Ok, we admit it! We are food nuts!
We got into RVing because of traveling to small towns and not being able to find good sources for our organic eating lifestyle. After fantasizing about going "full time," a term we had never heard of until our maiden voyage outside of Dallas in 2009, we stored our six thousand pounds of downsizing and our BMW's and motorcycle (which are now part of someone else's families) and hit the open roads.
Our first challenge was giving up our Gaggia espresso machine and Jura Capresso coffee maker. (Not enough room in our then 32 foot motor home). None of the small coffee makers met our standards of giving up as much plastic as possible. Our generation's bodies are tanked up on plastics from the water we drink to the foods we eat, without even trying.
We landed on making coffee the old fashioned way, in a Melitta drip maker. You know, a white porcelain coffee pot with a porcelain cone which you put the coffee in and drip with hot water. You know, there are some fancy coffee places that call this a pour over. The coffee is so "pure" tasting, we are not sure what took us so long. We have a bonnet which fits over it and use a candle warmer to keep it hot. It works like a charm.

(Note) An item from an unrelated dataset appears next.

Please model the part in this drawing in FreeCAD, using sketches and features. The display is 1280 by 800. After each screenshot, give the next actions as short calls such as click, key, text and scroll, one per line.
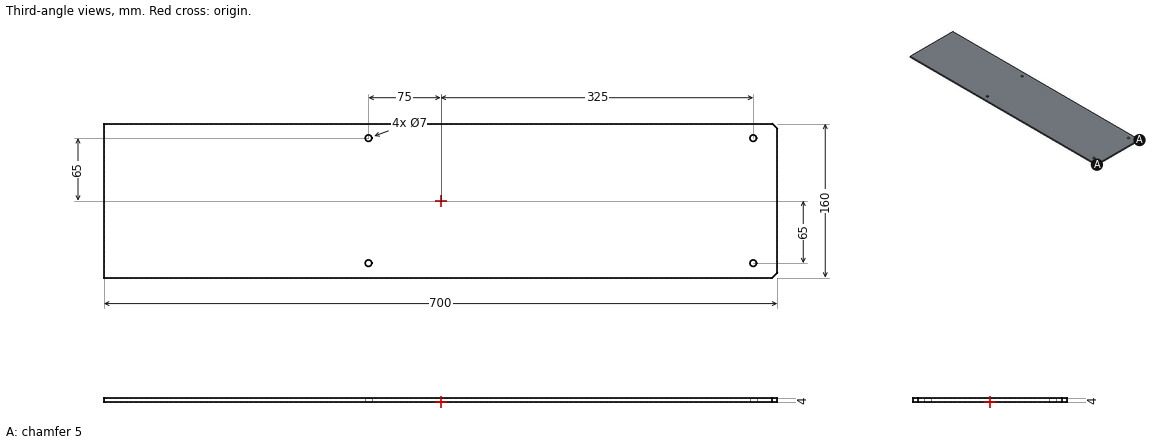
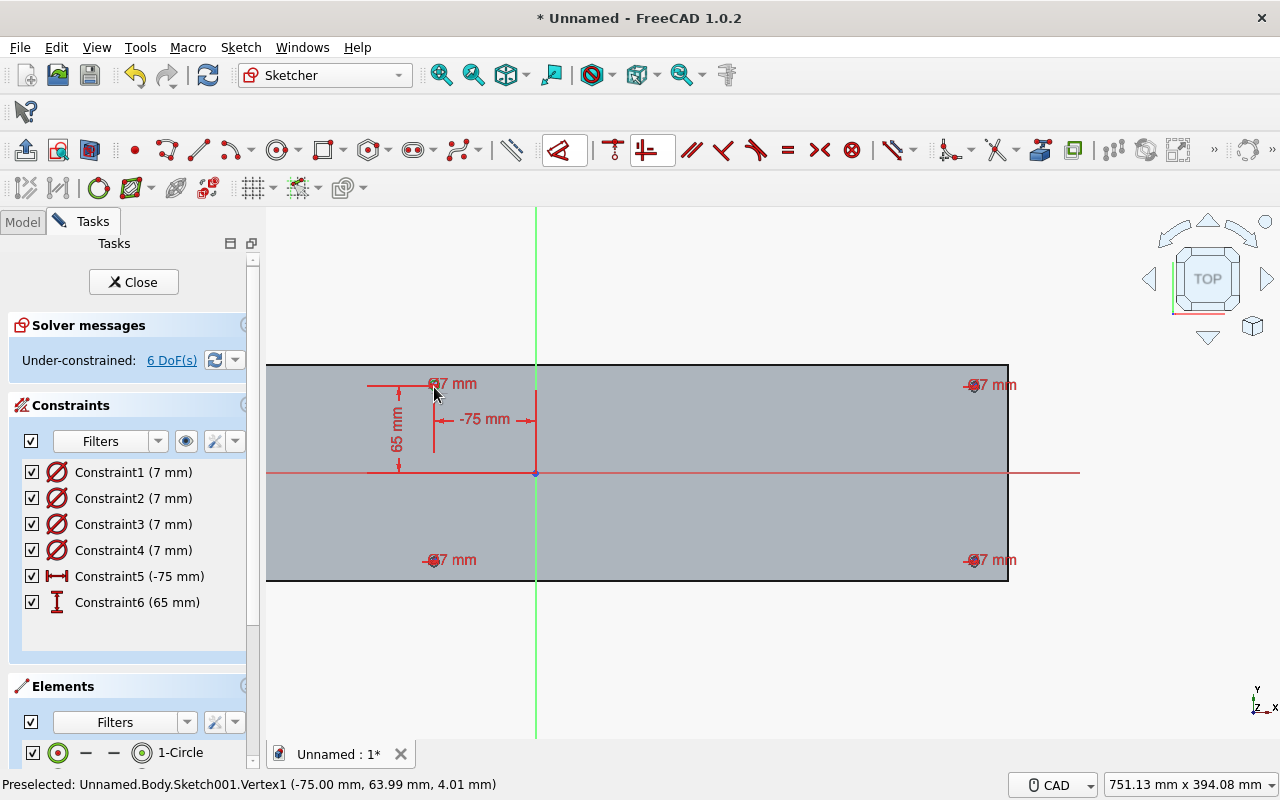
click(974, 387)

Melitta Pour Over drip system..good even if you don't live in an RV! |
Nespresso Pixie machine (left) and newer VirtuoLine machine. |
Induction cook tops for RV’s. Our coffee projects lead us to another need. I do not care for the smell of propane, and even with windows open and exhaust fans, I’m sure we are inhaling way too much. So Marty, my shopping maven husband, started researching for alternatives for stove top cooking. Induction is the newest technology and is now available in a lot of the highest end homes, and stores like Williams Sonoma have started really promoting it too. Induction cooking is the wave of the future, and I predict it will replace propane in the RV world too. Induction heating uses magnetic energy and heats the pure stainless steel cookware or cast iron which is magnetized metal. So far I have not found any bad press about the cooking mechanism changing the molecular structure of the food, like microwaves do. Another benefit is speed. You can put a tea kettle on the induction cook top and have a full pot of hot water in way less than three minutes! The amount of heat is also much easier to control than regular electric cooktops, more like using natural gas.
Our two induction cooktops we use instead of propane. |
So, now we have fast, hot water for our morning coffee pour over "machine" and are not ingesting plastics because of the pure brewing process. Oh yes, as I mentioned, the coffee simply tastes great too!